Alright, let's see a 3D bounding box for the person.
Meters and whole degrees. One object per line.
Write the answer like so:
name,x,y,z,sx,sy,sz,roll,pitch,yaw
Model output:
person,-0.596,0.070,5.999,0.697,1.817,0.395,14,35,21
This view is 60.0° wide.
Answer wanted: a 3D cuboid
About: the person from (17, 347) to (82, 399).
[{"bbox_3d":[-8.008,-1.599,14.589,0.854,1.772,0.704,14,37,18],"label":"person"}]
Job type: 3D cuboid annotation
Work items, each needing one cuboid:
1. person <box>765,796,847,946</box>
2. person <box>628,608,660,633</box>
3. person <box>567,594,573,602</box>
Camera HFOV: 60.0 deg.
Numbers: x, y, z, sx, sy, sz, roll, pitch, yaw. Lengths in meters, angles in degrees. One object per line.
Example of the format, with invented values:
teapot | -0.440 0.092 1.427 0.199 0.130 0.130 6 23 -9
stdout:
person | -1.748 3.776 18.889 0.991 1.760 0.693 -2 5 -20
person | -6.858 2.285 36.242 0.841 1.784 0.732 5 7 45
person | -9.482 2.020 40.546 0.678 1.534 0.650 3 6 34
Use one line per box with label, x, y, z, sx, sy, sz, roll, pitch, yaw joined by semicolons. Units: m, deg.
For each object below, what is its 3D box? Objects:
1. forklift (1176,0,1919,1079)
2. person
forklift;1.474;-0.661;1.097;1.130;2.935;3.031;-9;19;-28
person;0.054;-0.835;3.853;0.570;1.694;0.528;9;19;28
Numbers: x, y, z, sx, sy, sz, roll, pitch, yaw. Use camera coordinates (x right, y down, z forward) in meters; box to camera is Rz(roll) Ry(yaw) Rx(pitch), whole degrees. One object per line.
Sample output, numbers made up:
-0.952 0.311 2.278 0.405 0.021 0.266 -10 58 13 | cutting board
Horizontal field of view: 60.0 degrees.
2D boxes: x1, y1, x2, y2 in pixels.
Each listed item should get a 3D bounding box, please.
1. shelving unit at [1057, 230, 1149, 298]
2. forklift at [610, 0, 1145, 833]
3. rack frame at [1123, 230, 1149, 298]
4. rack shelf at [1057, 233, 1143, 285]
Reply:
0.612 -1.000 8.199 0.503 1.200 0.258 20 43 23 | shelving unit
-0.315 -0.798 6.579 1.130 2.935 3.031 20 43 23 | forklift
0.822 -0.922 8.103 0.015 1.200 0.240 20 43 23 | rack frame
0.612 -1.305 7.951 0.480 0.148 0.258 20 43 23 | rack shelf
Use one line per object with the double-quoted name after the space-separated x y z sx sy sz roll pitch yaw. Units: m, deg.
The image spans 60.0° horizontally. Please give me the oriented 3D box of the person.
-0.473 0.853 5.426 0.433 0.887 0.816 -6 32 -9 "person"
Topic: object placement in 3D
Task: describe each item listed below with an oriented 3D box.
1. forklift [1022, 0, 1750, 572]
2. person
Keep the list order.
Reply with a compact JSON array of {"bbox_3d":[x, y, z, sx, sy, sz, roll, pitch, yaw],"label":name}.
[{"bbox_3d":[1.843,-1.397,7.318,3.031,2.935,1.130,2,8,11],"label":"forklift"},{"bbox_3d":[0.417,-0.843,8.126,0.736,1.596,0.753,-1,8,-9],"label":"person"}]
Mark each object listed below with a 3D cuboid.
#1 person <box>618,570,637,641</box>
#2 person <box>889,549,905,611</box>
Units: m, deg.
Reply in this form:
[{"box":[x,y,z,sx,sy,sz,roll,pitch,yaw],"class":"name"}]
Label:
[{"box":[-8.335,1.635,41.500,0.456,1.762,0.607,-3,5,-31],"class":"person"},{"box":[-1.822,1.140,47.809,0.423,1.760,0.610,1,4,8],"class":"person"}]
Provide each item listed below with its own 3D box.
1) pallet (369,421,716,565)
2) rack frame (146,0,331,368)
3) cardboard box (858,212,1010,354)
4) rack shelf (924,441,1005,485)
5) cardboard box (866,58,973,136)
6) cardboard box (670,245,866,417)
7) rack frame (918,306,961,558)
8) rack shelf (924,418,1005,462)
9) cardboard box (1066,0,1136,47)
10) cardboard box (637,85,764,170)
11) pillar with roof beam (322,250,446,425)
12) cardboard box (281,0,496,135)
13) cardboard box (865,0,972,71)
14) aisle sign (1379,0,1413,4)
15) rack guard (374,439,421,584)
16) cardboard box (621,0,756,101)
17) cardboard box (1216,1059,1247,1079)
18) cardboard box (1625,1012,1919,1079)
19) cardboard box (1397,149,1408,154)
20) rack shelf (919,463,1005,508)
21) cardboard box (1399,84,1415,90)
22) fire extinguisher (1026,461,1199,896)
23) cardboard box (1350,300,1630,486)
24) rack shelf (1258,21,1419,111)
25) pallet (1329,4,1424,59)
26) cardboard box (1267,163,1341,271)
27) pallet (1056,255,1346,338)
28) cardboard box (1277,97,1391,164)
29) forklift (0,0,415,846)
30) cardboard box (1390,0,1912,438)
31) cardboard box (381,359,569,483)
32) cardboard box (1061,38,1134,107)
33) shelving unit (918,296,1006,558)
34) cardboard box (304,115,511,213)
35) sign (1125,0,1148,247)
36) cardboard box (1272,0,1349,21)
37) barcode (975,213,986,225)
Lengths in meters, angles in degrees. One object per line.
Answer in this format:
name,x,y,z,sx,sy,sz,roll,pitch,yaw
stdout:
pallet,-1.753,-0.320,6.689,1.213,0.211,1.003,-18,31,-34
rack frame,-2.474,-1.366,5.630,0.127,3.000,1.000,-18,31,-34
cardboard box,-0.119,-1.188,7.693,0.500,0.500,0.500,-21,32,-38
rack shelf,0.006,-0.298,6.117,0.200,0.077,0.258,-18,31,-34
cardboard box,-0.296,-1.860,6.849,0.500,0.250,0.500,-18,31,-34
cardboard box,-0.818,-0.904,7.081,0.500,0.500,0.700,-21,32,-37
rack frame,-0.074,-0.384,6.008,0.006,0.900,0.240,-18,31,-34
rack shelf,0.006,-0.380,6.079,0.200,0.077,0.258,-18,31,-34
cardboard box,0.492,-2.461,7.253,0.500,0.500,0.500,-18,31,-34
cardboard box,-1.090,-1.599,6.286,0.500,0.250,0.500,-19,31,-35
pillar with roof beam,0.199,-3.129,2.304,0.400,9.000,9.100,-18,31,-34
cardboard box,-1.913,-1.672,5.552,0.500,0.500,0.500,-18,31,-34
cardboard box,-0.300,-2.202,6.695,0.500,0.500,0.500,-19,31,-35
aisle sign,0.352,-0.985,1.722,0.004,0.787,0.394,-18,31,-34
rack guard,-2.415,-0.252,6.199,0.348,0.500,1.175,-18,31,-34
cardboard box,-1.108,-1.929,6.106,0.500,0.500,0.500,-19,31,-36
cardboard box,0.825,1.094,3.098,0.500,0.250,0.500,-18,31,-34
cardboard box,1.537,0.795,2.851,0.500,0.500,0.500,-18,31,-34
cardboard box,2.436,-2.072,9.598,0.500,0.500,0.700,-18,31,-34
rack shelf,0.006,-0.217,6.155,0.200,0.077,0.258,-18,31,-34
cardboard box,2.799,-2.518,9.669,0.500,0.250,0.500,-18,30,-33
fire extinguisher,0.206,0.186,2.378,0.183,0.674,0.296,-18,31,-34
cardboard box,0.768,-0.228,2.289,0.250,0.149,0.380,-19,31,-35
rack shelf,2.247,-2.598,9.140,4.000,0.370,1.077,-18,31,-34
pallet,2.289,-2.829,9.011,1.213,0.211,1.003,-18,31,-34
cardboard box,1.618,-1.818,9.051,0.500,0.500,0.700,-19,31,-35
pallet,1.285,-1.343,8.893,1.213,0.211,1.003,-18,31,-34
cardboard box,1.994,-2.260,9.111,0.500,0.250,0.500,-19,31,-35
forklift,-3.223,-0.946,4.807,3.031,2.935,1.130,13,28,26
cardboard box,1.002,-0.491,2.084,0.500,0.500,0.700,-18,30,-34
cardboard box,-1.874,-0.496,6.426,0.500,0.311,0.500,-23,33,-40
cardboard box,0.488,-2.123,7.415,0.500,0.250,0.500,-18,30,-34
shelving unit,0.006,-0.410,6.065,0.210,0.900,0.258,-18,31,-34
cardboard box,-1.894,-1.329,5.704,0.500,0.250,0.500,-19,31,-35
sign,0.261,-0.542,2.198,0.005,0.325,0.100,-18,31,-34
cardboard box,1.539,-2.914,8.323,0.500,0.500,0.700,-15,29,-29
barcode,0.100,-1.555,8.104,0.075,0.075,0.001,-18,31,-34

» **WHAT TO PRODUCE**
What is needed is an exact copy of the entries from their first line down to the line with "1. forklift (1176,0,1919,1079)", that line included, and nothing beyond it.

» **ANSWER FOR THIS EXERCISE**
Alright, let's see a 3D bounding box for the person.
Meters and whole degrees. One object per line.
Write the answer like so:
name,x,y,z,sx,sy,sz,roll,pitch,yaw
Model output:
person,-0.596,0.070,5.999,0.697,1.817,0.395,14,35,21
This view is 60.0° wide.
Answer wanted: a 3D cuboid
About: the person from (17, 347) to (82, 399).
[{"bbox_3d":[-8.008,-1.599,14.589,0.854,1.772,0.704,14,37,18],"label":"person"}]
Job type: 3D cuboid annotation
Work items, each needing one cuboid:
1. person <box>765,796,847,946</box>
2. person <box>628,608,660,633</box>
3. person <box>567,594,573,602</box>
Camera HFOV: 60.0 deg.
Numbers: x, y, z, sx, sy, sz, roll, pitch, yaw. Lengths in meters, angles in degrees. One object per line.
Example of the format, with invented values:
teapot | -0.440 0.092 1.427 0.199 0.130 0.130 6 23 -9
stdout:
person | -1.748 3.776 18.889 0.991 1.760 0.693 -2 5 -20
person | -6.858 2.285 36.242 0.841 1.784 0.732 5 7 45
person | -9.482 2.020 40.546 0.678 1.534 0.650 3 6 34
Use one line per box with label, x, y, z, sx, sy, sz, roll, pitch, yaw joined by semicolons. Units: m, deg.
For each object below, what is its 3D box? Objects:
1. forklift (1176,0,1919,1079)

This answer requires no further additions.